Тропа, по которой гуськом двигались партизаны, петляла то вправо, то влево. Тольнаи видел впереди себя то не меньше четырнадцати-пятнадцати человек, то всего троих или четверых. Когда на протяжении почти двухсот метров рота поднималась в гору, заметил он и фон дер Гольца, шагавшего с опущенной головой и связанными за спиной руками.
Минут десять взбирались партизаны на небольшую возвышенность, а миновав вершину — Тольнаи так и не заметил, когда это произошло, — стали спускаться вниз. В небольшой, густо поросшей невысоким сосняком лощине и был сделан привал и вновь расстелены на снегу плащ-палатки.
— Перекур, — сказал Дюла Пастор, обращаясь к Тольнаи.
Тот вспомнил, что у него в кармане как будто остались венгерские сигареты, и вытащил свой никелевый портсигар. В нем действительно лежало четыре штуки «Симфонии».
— Закуривайте! — предложил он Пастору.
— Спасибо, не курю. Со мной о чем-то хочет поговорить пленный немец. Я по-ихнему не понимаю. Поможете?
— Пожалуйста.
Пастор сел на поваленное дерево и сделал знак Тольнаи занять место рядом. Фон дер Гольц стоял перед ним, широко расставив ноги.

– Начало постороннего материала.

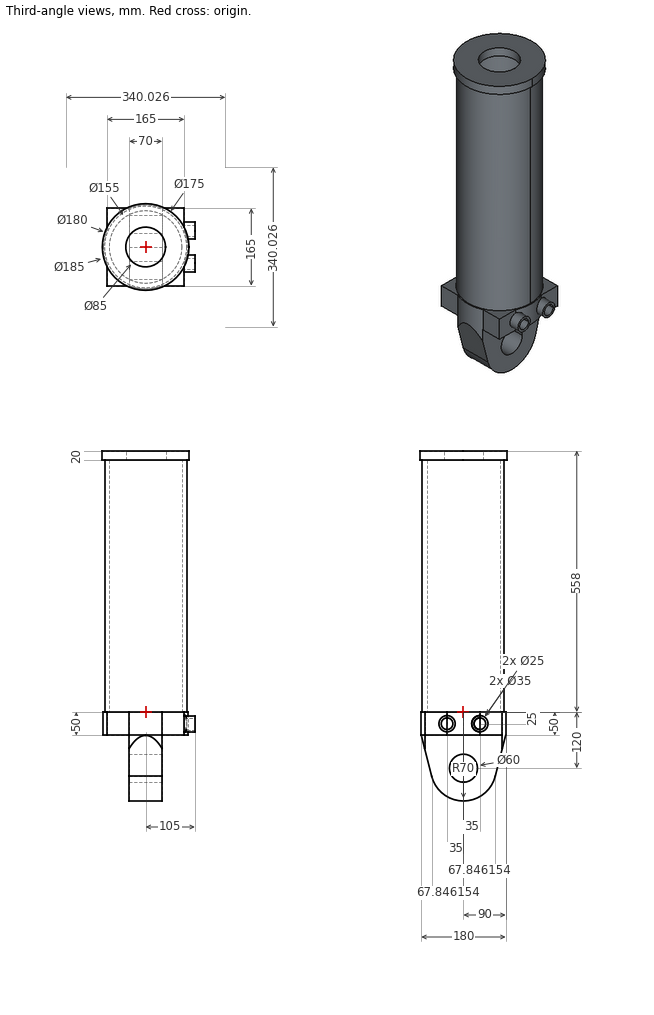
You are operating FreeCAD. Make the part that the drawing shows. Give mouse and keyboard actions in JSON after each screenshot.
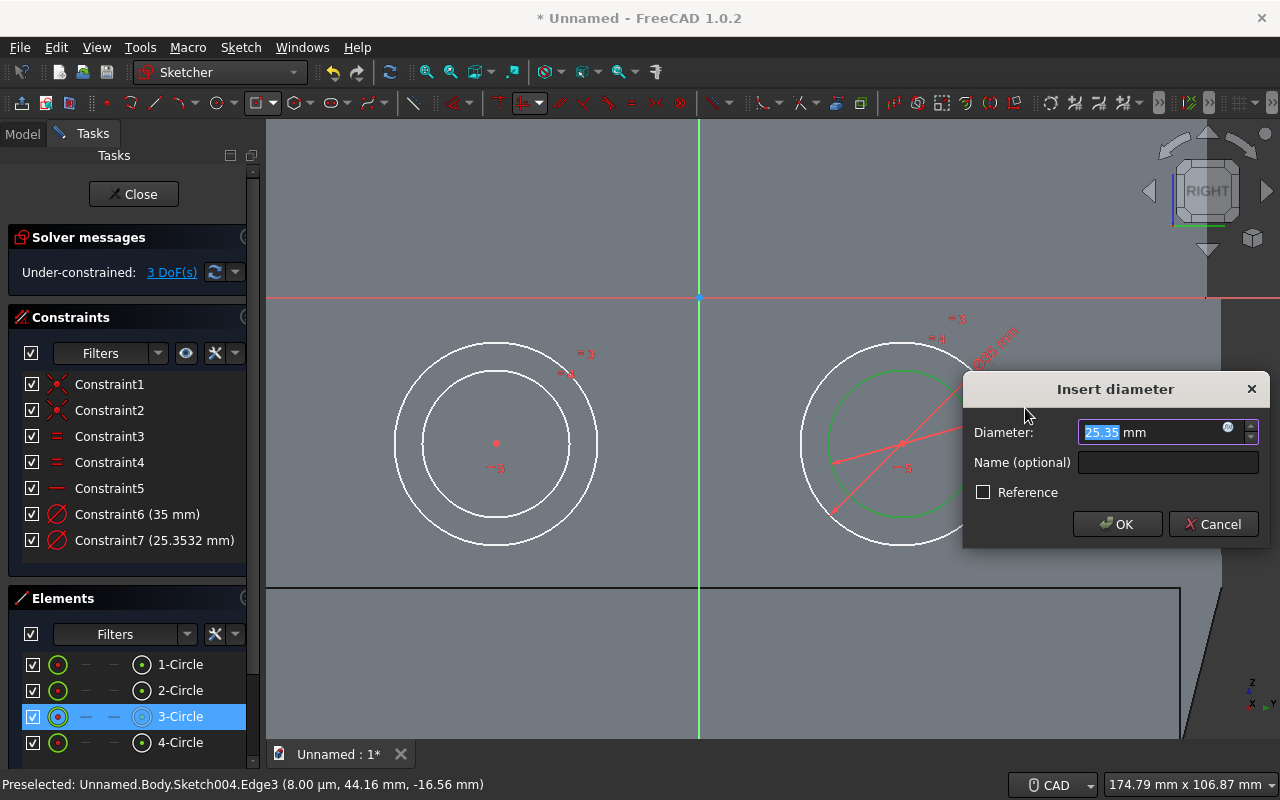
{"action": "type", "text": "25"}
{"action": "key", "text": "Return"}
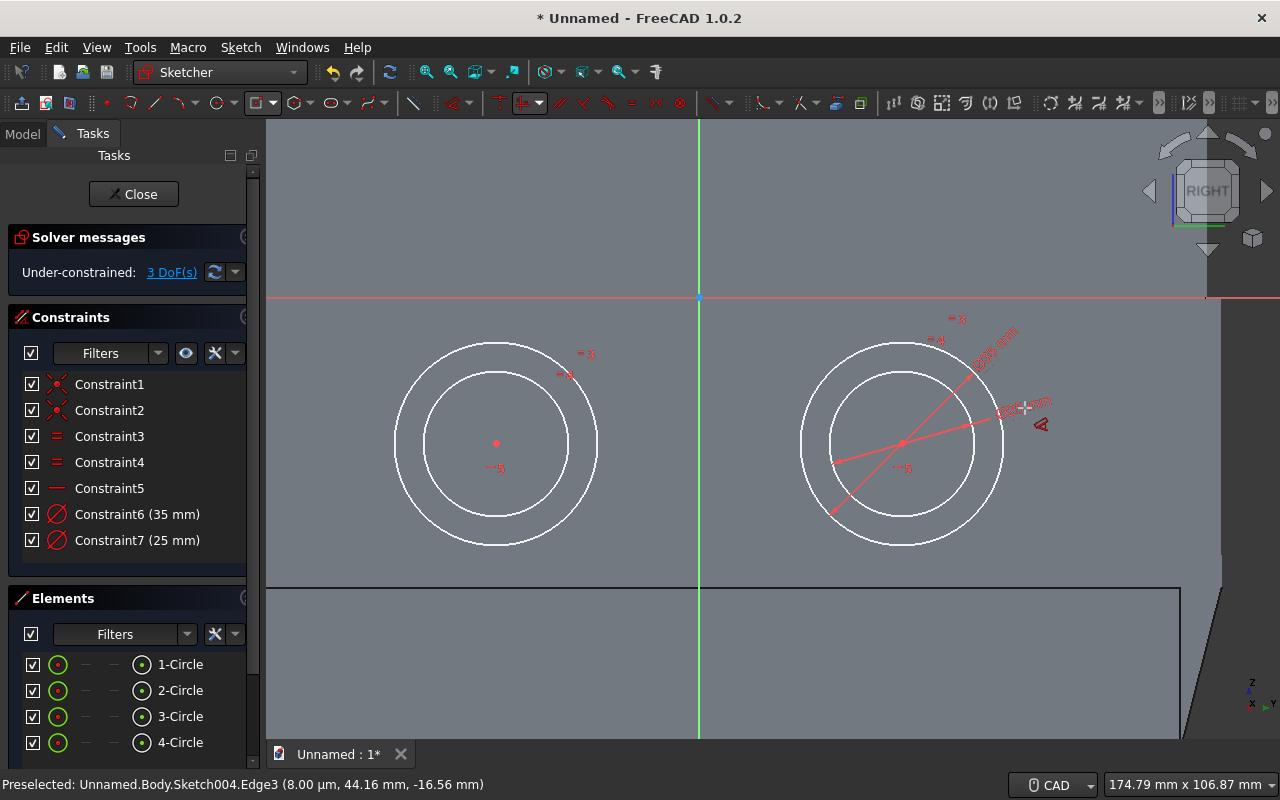
{"action": "left_click", "coordinate": [902, 444]}
{"action": "left_click", "coordinate": [801, 264]}
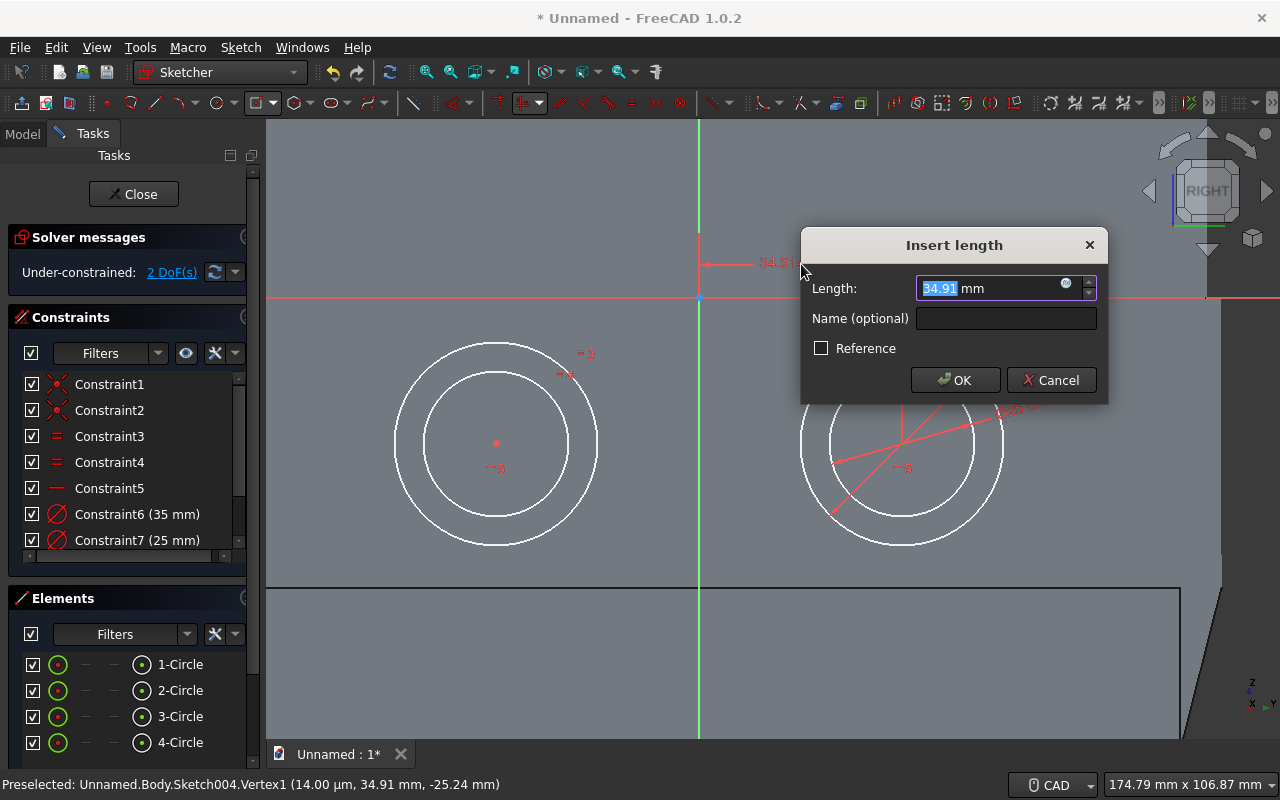
{"action": "type", "text": "35"}
{"action": "key", "text": "Return"}

— Чтобы вы хорошо меня поняли, — начал немец, вам следует знать, что я кадровый солдат, немецкий офицер. Но не национал-социалист и никогда себя не считал таковым. Я был и есть немецкий офицер. Я презираю и ненавижу Гитлера — этого кровожадного, невежественного, дурно воспитанного ефрейтора-австрияка. Полагаю, каждый настоящий кадровый прусский офицер тоже презирает этого крикливого фигляра. Почему мы, в данном случае лично я, не выступили против него открыто? По-видимому, таков будет первый вопрос, на который мне предстоит ответить? Ответ гораздо проще, чем может показаться. Я не сделал этого исключительно из скромности. Чувствовал себя слишком мелкой фигурой, чтобы иметь право первым шагнуть на новый путь и повести по нему германскую армию. Вы меня понимаете, господа? Не по трусости, а из скромности ждал я, что какие-то действия предпримет кто-то другой, более значительный, влиятельный и талантливый. Какой-нибудь маршал, министр… Если бы один из подобных людей начал борьбу против Гитлера, могу вас заверить, господа, даю слово офицера, я немедленно примкнул бы к нему. Надеюсь, у господ нет сомнений в искренности моих слов?..

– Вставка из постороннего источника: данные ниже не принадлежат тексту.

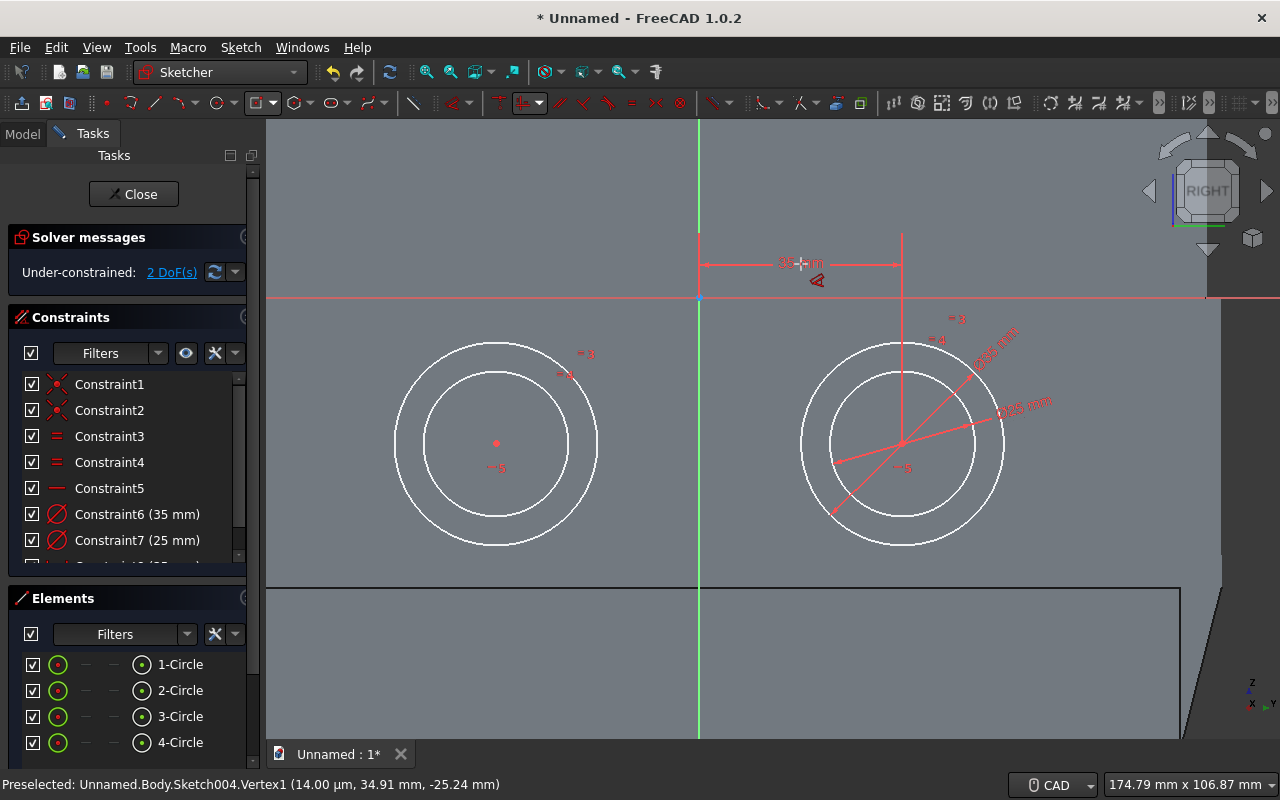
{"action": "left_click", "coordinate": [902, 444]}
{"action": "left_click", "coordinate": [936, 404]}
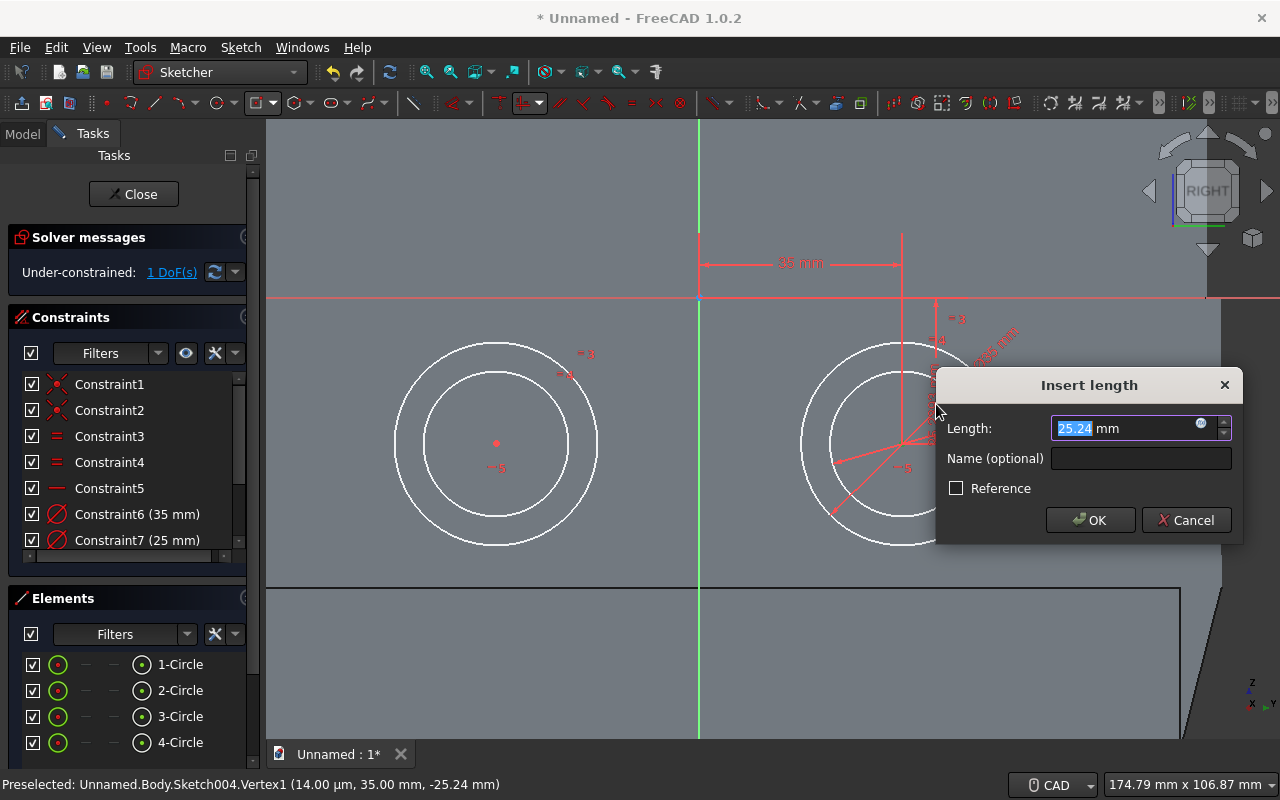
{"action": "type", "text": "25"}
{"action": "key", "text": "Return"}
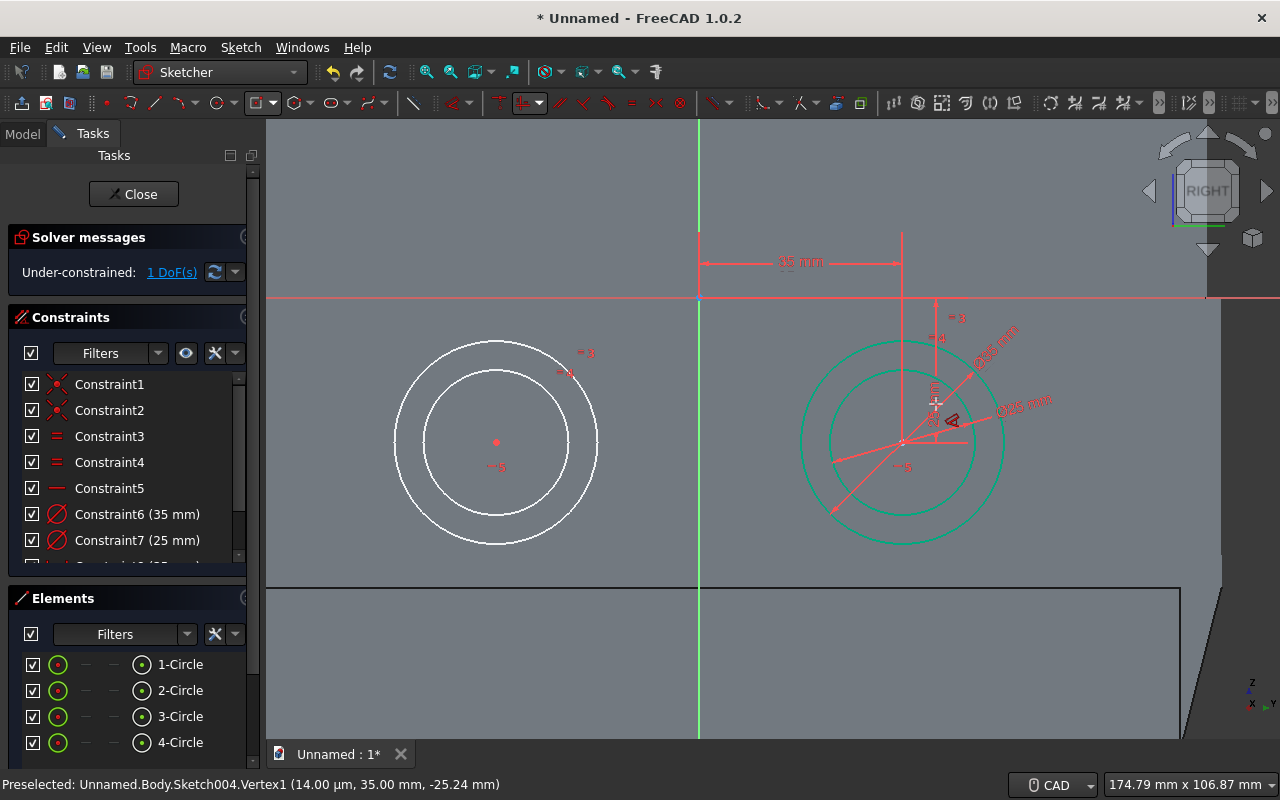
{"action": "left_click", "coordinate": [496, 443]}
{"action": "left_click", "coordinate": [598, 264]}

Сегодня ночью в моей жизни произошла решающая перемена. То, что я остался жив, есть зримое проявление господнего милосердия, ибо жизнь и смерть наша — в руках божьих.
Я верующий христианин. Постигшее меня нынешней ночью чудо можно объяснить не иначе, как решимостью провидения спасти меня для великих дел. Этим чудом оно мне подсказало, что возлагает на меня свершение отважного воинского подвига. Смиренно повинуюсь господнему повелению… И потому решил действовать.